What Are the Big Questions About AI?News
December 5, 2019
What Are the Big Questions About AI?
A quick Google Image Search of “artificial intelligence” looks a bit like a science fiction film. Brains of glowing circuitry, humanoid robots shaking hands with humans, and other mashups of human-computer imagery pose the question: Are the robots taking over? We interact with Artificial Intelligence daily — music, movie, and TV recommendations on our streaming services, Smart Replies in our email correspondence, and voice assistants like Siri and Alexa. In addition to augmentations to daily life, big moves are being made in the field of AI that will eventually change the way we work, travel, and do just about anything else.
AI was identified as an emerging topical trend in the Storyblocks 2020 Trends Guide, experiencing a 40% demand growth this past year. The media coverage surrounding AI is picking up as the number of questions we have grows.
What is AI?
To understand the current state and future potential of AI, it’s helpful to understand the terms used in the conversation.
Artificial Intelligence is an umbrella term that refers to the simulation of human intelligence using a computer. This covers many methods and subcategories, ranging in complexity. AI, in its simplest form, is a computer program containing a series of if-then statements that work their way through a decision tree. Such as healthcare software that suggests a diagnosis based on inputted symptoms and qualifiers. Searches for “artificial intelligence” stock media increased by 77% in 2019.
Most of the conversation around AI right now is referring to Machine Learning. Machine learning is a subset of AI that involves dynamic software that learns and changes as it is exposed to more data. All machine learning is AI, but all AI is not machine learning. Searches for “machine learning” stock media experienced an even more significant increase in 2019 — 82%.
Deep Learning is an advanced subset of Machine Learning, where neural networks inspired by the human brain are used to yield more accurate results. Deep Learning algorithms are used for vast quantities of data, for example, in AI software used to detect cancer.
Can AI replace humans at work?
The future of AI and work will continue to be a huge conversation in 2020. AI creates efficiencies in every industry. Even seemingly immune industries like design are affected. For example, AI can auto-generate a background in Photoshop, and auto-coloring AI tools can speed up the process of coloring individual frames when animating. Cases like this are found everywhere; AI can make a worker more efficient by handling tedious tasks no one wants to do anyway.

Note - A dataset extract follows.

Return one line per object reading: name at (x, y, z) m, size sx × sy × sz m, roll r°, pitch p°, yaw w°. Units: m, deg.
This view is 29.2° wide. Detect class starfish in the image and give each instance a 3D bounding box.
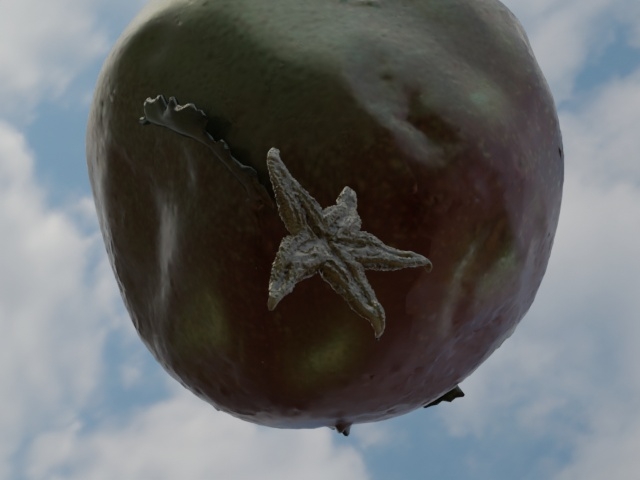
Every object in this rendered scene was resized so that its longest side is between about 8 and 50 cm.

Whether a job can be replaced entirely depends on how routine it is. Many manufacturing, clerical, or roles that are otherwise predictable and repetitive could be at risk. AI will also help create new jobs in technology, and many workers will need to learn new skills. Where the job loss and creation will net out is not entirely clear, but one thing for certain is that the workforce can count on growing pains.
How far are we from Artificial General Intelligence?
Long a theme in cinema and pop culture, movies, and shows like Blade Runner, Battlestar Galactica, and Her depict AI robots as humanlike. Creating software equivalent to human intelligence is called Artificial General Intelligence. While computers can solve a lot of complex problems better than humans, they cannot explain their reasoning or engage in “soft skills” like compassion. Another issue with software is that it can typically only do one task very well; it cannot translate its skills to another job. And while theoretically possible, programming Artificial General Intelligence requires enormous quantities of data for the software to learn from. Computers cannot learn by reading a book, for example.
Though we likely won’t experience a robot takeover in our lifetime, one thing for sure is through 2020 and beyond, Artificial Intelligence will become further integrated into our personal and professional lives, and we’re at the point where people want to know exactly how that will happen. Another thing we can expect is for AI to be increasingly normalized. It will be particularly interesting to follow how AI and Machine Learning are depicted visually. We think the articles we read will no longer feature images like cyborgs, because AI will seem less futuristic and more like life. It’s operating under the surface, which leaves a lot of room for creative interpretation.